One of the only visible clues to the largely unknown myriad of tunnels beneath downtown Wilmington is a guardrail protecting traffic from the various access points.
Below landmarks like the county courthouse and old jail, Buckley Bros., now-vacant Dairy Queen, Al’s Sweeper Service, Wilmington Public Library and the site of the now-razed Manhattan Lounge, among many others, are underground tunnels separating roadways from streams which once openly moved through the city.
The tops of the tunnels are actually bridges, all built at different times. The water comes from branches of nearby Lytle Creek.
Assistant Engineers Gary Smith and Tom Hodson, of the county engineer’s office, are two of three certified bridge inspectors in Clinton County. Joined by Craig Michaels of the city’s street department, the men spent Tuesday inspecting the majority of Wilmington’s underground tunnels and invited the News Journal along.
Workers wear tall, hip-high boots or waders into the tunnels due to the water reaching up to a few feet deep in places — especially in spots where the ground sinks below.

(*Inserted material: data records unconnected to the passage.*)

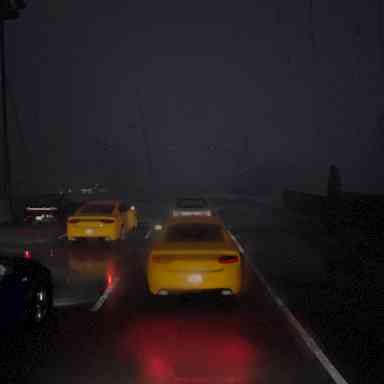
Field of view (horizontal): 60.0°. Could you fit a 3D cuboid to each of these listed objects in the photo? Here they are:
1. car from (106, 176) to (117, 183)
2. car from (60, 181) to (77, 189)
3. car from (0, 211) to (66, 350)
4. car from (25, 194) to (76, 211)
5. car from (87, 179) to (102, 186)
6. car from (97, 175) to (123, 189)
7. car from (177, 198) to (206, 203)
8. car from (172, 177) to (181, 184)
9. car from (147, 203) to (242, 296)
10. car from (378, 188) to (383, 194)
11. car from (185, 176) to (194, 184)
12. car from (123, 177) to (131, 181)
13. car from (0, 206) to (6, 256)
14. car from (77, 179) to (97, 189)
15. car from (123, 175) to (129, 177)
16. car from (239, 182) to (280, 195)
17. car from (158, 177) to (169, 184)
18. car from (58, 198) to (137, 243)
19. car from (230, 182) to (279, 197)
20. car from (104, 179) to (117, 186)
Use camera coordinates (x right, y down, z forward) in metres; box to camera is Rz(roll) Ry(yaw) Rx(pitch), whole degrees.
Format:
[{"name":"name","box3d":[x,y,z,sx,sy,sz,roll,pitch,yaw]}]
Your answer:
[{"name":"car","box3d":[-21.703,-3.426,89.897,2.097,1.767,4.553,0,3,0]},{"name":"car","box3d":[-21.514,-1.258,58.510,1.895,1.301,4.718,0,3,0]},{"name":"car","box3d":[-3.427,1.312,3.900,2.097,1.767,4.553,0,1,0]},{"name":"car","box3d":[-7.027,0.860,17.642,2.128,1.511,4.902,0,3,0]},{"name":"car","box3d":[-21.574,-2.135,73.715,1.994,1.385,4.181,0,3,0]},{"name":"car","box3d":[-14.517,-1.674,59.186,2.150,2.045,5.566,0,3,1]},{"name":"car","box3d":[-0.026,0.969,17.778,1.895,1.301,4.718,0,3,0]},{"name":"car","box3d":[-4.172,-2.895,86.091,1.882,1.535,5.008,0,3,0]},{"name":"car","box3d":[0.042,1.314,8.409,1.882,1.535,5.008,0,2,0]},{"name":"car","box3d":[25.647,-0.237,41.053,4.718,1.301,1.895,0,3,1]},{"name":"car","box3d":[-0.672,-2.831,86.123,2.033,1.411,5.357,0,3,0]},{"name":"car","box3d":[-14.580,-2.137,74.562,1.895,1.301,4.718,0,3,0]},{"name":"car","box3d":[-6.957,1.319,8.231,1.882,1.535,5.008,0,2,0]},{"name":"car","box3d":[-18.019,-1.395,59.024,2.128,1.511,4.902,0,3,0]},{"name":"car","box3d":[-18.205,-3.601,90.180,2.150,2.045,5.566,0,3,0]},{"name":"car","box3d":[8.467,-0.452,41.885,4.902,1.511,2.128,1,3,9]},{"name":"car","box3d":[-7.672,-2.844,86.066,2.128,1.511,4.902,0,3,0]},{"name":"car","box3d":[-3.497,1.057,13.732,1.882,1.535,5.008,0,3,0]},{"name":"car","box3d":[6.794,-0.244,37.807,5.008,1.535,1.882,0,3,-3]},{"name":"car","box3d":[-18.077,-2.185,74.121,1.812,1.442,4.674,0,3,0]}]
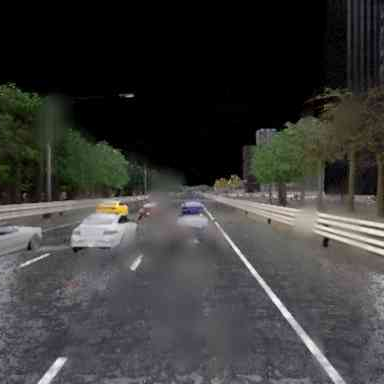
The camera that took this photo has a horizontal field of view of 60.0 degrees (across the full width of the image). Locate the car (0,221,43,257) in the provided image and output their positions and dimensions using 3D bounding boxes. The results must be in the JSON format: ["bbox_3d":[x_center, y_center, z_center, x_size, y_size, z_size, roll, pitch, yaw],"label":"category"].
[{"bbox_3d":[-6.936,1.623,11.240,1.895,1.301,4.718,0,0,0],"label":"car"}]

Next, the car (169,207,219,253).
[{"bbox_3d":[0.079,1.551,13.666,1.812,1.442,4.674,0,0,0],"label":"car"}]

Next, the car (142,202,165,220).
[{"bbox_3d":[-3.414,1.572,28.711,1.812,1.442,4.674,0,0,0],"label":"car"}]

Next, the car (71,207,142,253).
[{"bbox_3d":[-3.421,1.551,13.608,1.812,1.442,4.674,0,0,0],"label":"car"}]

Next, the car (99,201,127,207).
[{"bbox_3d":[-6.912,1.525,29.133,1.882,1.535,5.008,0,0,0],"label":"car"}]

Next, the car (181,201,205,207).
[{"bbox_3d":[0.086,1.524,29.160,1.882,1.535,5.008,0,0,0],"label":"car"}]

The tunnels are pitch black, so each man carries a flashlight and wooden walking stick, following closely behind the man in front.

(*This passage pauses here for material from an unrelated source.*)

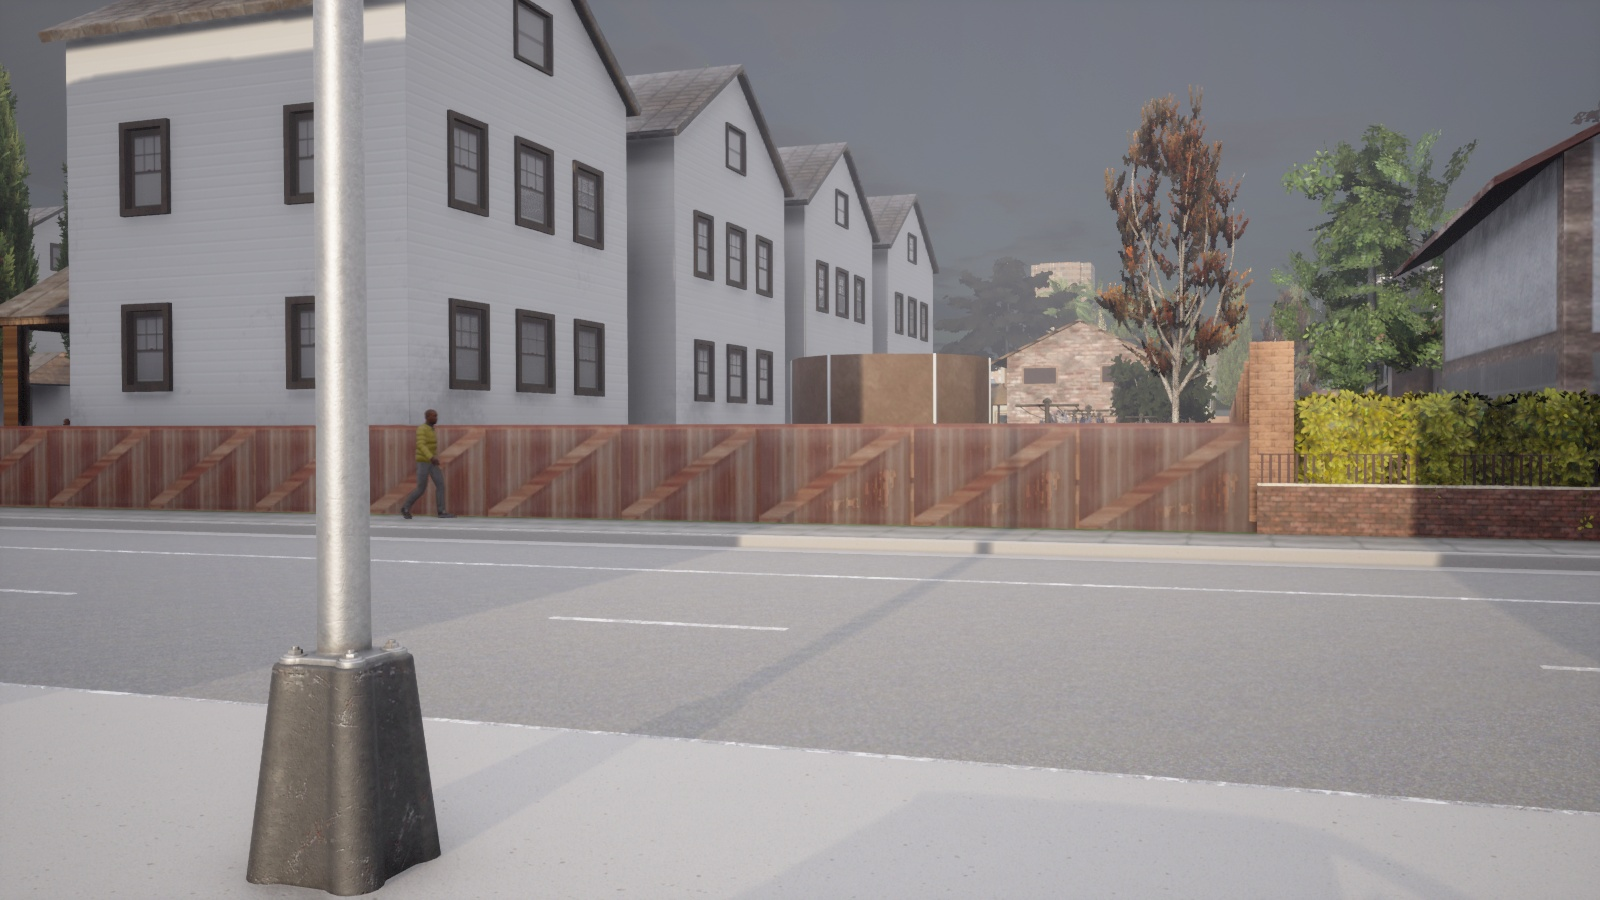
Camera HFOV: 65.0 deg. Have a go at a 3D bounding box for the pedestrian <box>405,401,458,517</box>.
[{"bbox_3d":[-5.926,0.136,20.196,0.726,1.835,0.370,1,1,19],"label":"pedestrian"}]

Among the rats, spiders, snakes, raccoons and trash in the tunnels was a 1930s car hood and vintage railroad and tile equipment, a sign of Wilmington’s industry throughout the 20th century.

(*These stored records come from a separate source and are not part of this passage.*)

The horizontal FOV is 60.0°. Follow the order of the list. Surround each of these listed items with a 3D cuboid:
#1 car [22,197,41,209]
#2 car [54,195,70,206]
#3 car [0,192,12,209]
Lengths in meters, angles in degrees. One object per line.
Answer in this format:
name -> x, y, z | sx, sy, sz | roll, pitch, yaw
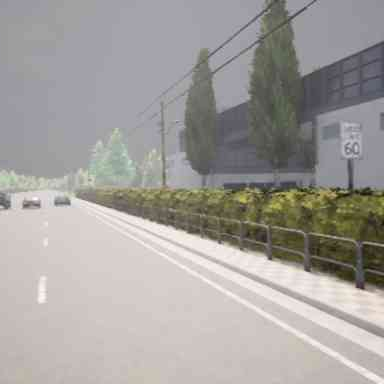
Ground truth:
car -> -19.257, 1.266, 40.068 | 1.895, 1.301, 4.718 | -2, 1, -23
car -> -17.620, 1.079, 45.092 | 1.994, 1.385, 4.181 | -2, 1, -23
car -> -22.789, 0.999, 39.387 | 2.150, 2.045, 5.566 | -2, 2, -23
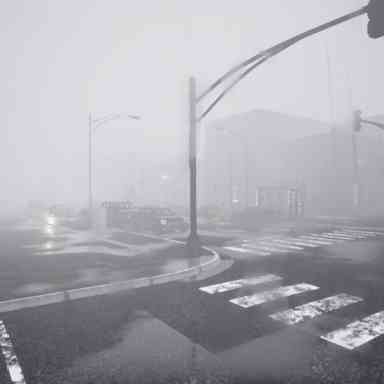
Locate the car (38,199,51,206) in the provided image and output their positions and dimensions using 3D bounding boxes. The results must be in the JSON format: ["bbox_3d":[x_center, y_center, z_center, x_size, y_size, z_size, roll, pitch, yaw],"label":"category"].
[{"bbox_3d":[-35.510,2.495,80.041,1.752,1.417,4.829,-1,0,-36],"label":"car"}]

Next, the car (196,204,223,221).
[{"bbox_3d":[1.303,1.753,29.916,1.752,1.417,4.829,-1,0,-36],"label":"car"}]

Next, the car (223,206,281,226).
[{"bbox_3d":[4.751,1.725,25.222,1.947,1.339,4.313,-1,0,-36],"label":"car"}]

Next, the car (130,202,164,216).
[{"bbox_3d":[-5.290,1.911,38.893,2.008,1.369,4.403,-1,0,-36],"label":"car"}]

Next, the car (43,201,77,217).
[{"bbox_3d":[-15.382,2.053,38.532,2.008,1.369,4.403,-1,0,-36],"label":"car"}]

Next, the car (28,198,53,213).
[{"bbox_3d":[-22.080,1.952,47.645,2.192,1.841,5.009,-1,0,-36],"label":"car"}]

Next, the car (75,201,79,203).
[{"bbox_3d":[-22.022,2.280,61.677,1.802,1.307,4.206,-1,0,-36],"label":"car"}]

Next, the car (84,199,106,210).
[{"bbox_3d":[-15.333,2.003,52.563,1.967,1.590,4.097,-1,0,-36],"label":"car"}]

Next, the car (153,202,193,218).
[{"bbox_3d":[-2.044,1.821,34.473,1.752,1.417,4.829,-1,0,-36],"label":"car"}]

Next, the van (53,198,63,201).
[{"bbox_3d":[-28.721,2.174,70.790,1.690,1.788,3.998,-1,0,-36],"label":"van"}]

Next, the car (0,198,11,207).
[{"bbox_3d":[-42.194,2.358,74.961,2.192,1.841,5.009,-1,0,-36],"label":"car"}]

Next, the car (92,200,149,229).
[{"bbox_3d":[-5.346,1.616,24.862,2.192,1.841,5.009,-1,0,-36],"label":"car"}]

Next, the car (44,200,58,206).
[{"bbox_3d":[-32.062,2.445,75.347,1.887,1.381,4.507,-1,0,-36],"label":"car"}]

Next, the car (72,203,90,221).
[{"bbox_3d":[-8.688,1.919,29.419,2.008,1.369,4.403,-1,0,-36],"label":"car"}]

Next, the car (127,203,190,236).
[{"bbox_3d":[-1.997,1.674,20.305,1.967,1.590,4.097,-1,0,-36],"label":"car"}]
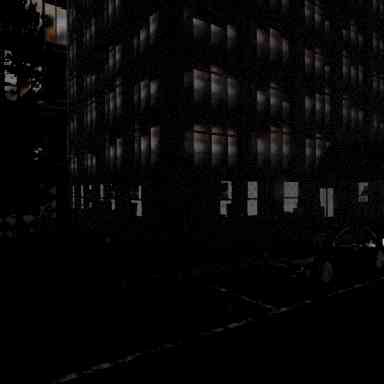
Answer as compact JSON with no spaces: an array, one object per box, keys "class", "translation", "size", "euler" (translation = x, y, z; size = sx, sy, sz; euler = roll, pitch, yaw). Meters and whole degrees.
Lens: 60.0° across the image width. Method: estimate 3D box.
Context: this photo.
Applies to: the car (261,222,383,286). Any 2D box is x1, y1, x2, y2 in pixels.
[{"class":"car","translation":[3.807,1.549,9.308],"size":[4.403,1.369,2.008],"euler":[0,-1,-36]}]
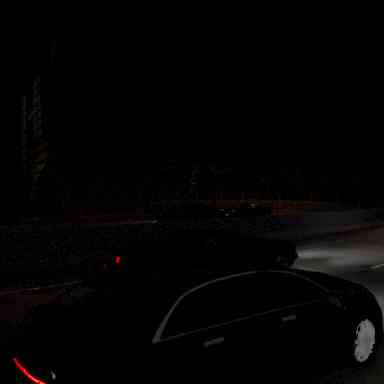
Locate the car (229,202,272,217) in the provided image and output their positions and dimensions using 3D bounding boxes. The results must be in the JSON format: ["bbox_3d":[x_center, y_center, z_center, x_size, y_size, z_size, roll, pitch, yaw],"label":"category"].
[{"bbox_3d":[4.712,1.575,28.844,4.718,1.301,1.895,0,0,-35],"label":"car"}]

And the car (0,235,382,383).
[{"bbox_3d":[0.449,1.502,4.070,4.892,1.490,1.837,0,0,-35],"label":"car"}]

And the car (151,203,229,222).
[{"bbox_3d":[-0.268,1.490,20.995,4.892,1.490,1.837,0,0,-35],"label":"car"}]

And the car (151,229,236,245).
[{"bbox_3d":[0.554,1.594,8.440,4.718,1.301,1.895,0,0,-35],"label":"car"}]
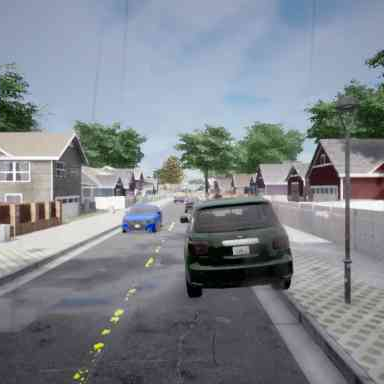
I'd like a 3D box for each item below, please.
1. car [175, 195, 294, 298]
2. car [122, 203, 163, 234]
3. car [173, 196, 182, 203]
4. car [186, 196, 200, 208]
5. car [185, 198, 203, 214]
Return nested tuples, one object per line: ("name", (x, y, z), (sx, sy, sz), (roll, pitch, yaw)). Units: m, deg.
("car", (0.902, 1.143, 8.673), (2.150, 2.045, 5.566), (-5, 0, 0))
("car", (-2.786, 1.461, 19.474), (1.882, 1.535, 5.008), (0, 0, 0))
("car", (-2.537, 1.453, 64.438), (2.033, 1.411, 5.357), (0, 0, 0))
("car", (0.182, 1.416, 46.601), (1.882, 1.535, 5.008), (0, 0, 1))
("car", (0.189, 1.461, 36.234), (1.837, 1.490, 4.892), (0, 0, 0))
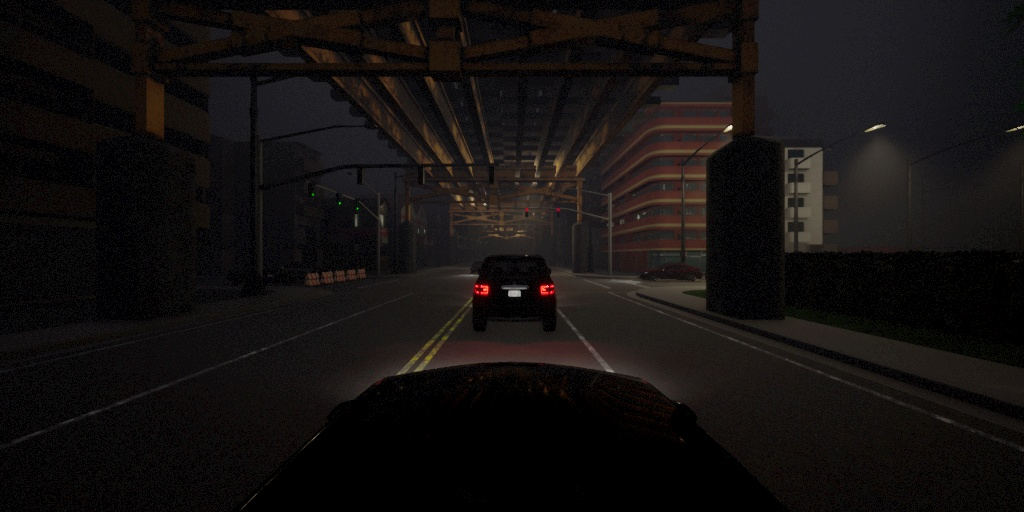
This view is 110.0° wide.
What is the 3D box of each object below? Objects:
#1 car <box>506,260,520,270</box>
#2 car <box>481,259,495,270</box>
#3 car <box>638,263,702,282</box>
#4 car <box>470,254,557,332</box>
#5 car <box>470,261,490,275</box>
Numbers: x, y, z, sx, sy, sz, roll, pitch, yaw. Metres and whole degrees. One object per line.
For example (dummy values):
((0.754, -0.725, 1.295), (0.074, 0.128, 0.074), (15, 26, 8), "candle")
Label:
((0.136, 1.292, 52.137), (2.033, 1.411, 5.357), (0, 0, 0), "car")
((-3.552, 1.269, 53.689), (1.812, 1.442, 4.674), (0, 0, 0), "car")
((12.297, 1.273, 28.088), (4.674, 1.442, 1.812), (0, 0, 1), "car")
((0.076, 0.971, 11.054), (2.150, 2.045, 5.566), (0, 0, 0), "car")
((-3.569, 1.272, 40.690), (1.812, 1.442, 4.674), (0, 0, 0), "car")

One of the largest tunnels snakes three city-blocks-long below the courthouse. Workers entered the tunnel at its end — so that they’re walking upstream and can see through the murky water — behind The Escape Lounge on Sugartree Street. The tunnel darts below the intersection of South and Sugartree streets, moves under the courthouse lawn, curves left to continue between the courthouse and adjacent old jail, curves right toward the old Dairy Queen, goes across Walnut Street and ends behind Buckley Bros.
The part below the courthouse is believed to have been built when the courthouse was — about 1919. Old, square-shaped rebar marks the older part.
Above the tunnel between the courthouse and old jail is another tunnel which was reportedly used to transport prisoners.
Some of the bridges — like the one across from Kratzer’s Pharmacy on Spring Street, is probably from the 1800s. The arch is made from stone and mortar, and a historic decorative rail serves as a fence rail from the above sidewalk. Newer bridges, like one below Buckley Bros., were formed from poured concrete.
Just a few blocks away, another tunnel starts in the backyard of a home on West Birdsall Street, dives below North South Street, wraps around the library, and resurfaces on East Birdsall Street. Observers paying close attention may notice a line of darker grass near the bottom of the hill in Galvin Park, another clue to the story below.
Smith, who has been inspecting the tunnels and bridges for more than 30 years, said there have only been a handful of people below the surface. Workers inspect each bridge once per year, checking for structural damage such as deteriorating beams, concrete and wood planks.
The county inspects a total of 297 tunnels annually. All of the bridges below downtown received good ratings.